Wuhu has attracted 15 major data projects, with combined investments hitting $37 billion. Local governments are sweetening the deal—covering up to 30% of AI chip costs, according to industry insiders. But China faces a critical disadvantage: export restrictions from the US have cut off access to NVIDIA’s top-tier processors. Domestic firms like Huawei and Cambricon are trying to fill the void, yet limited production capabilities remain a bottleneck.

Instead of shifting physical servers, China is connecting data centers using advanced networking tech. Telecom giants are stringing together far-flung locations—like Gansu and Inner Mongolia—into what amounts to one giant, virtual supercomputer. Here’s how it works:

Huawei claims its proprietary UB-Mesh networking can double AI training speed by optimizing how data flows across sites.

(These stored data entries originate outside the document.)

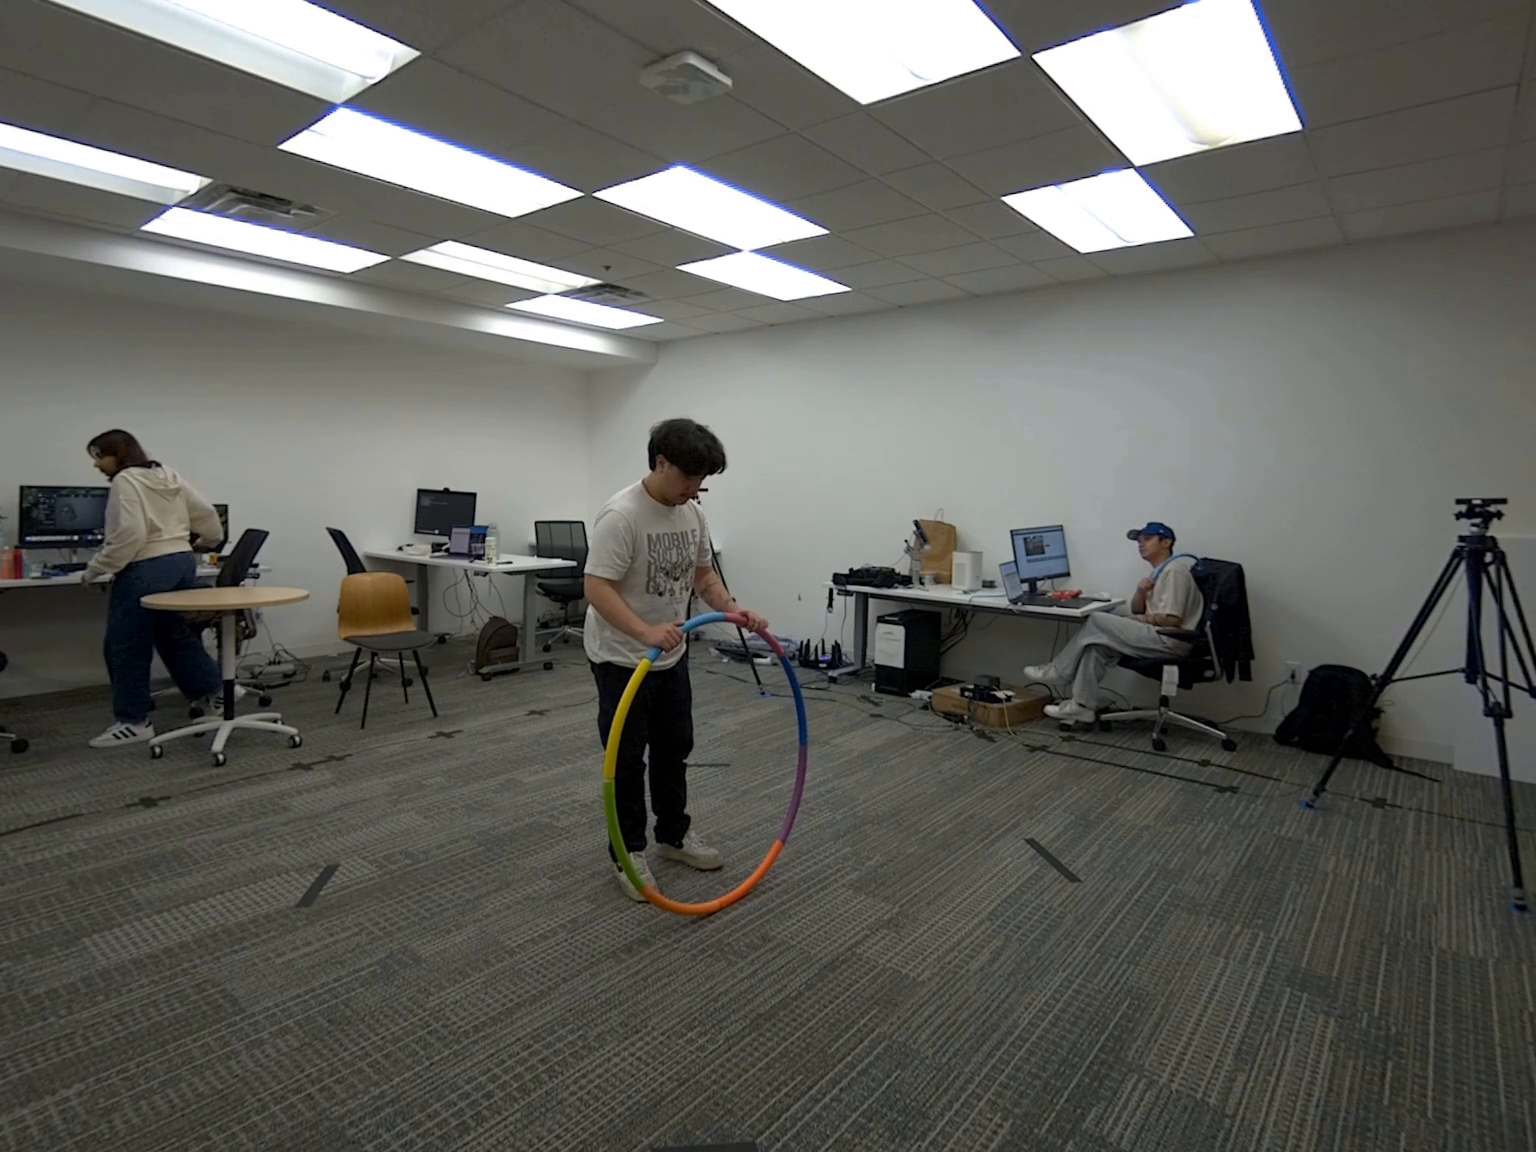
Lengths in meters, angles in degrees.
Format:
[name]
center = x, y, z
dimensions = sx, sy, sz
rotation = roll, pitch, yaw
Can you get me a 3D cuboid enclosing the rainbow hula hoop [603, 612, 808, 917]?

Still, efficiency remains a hurdle. Smaller, fragmented data centers simply can’t match the raw output of singular, high-density clusters like those in the US. “Using older centers stitched together isn’t ideal,” said Edward Galvin of DC Byte. “It’s a compromise—but one China may have no choice but to make.” For now, China’s Stargate isn’t about outpacing the US—it’s about staying in the game, keeping chips humming, and building a backbone strong enough to support the next phase of AI escalation.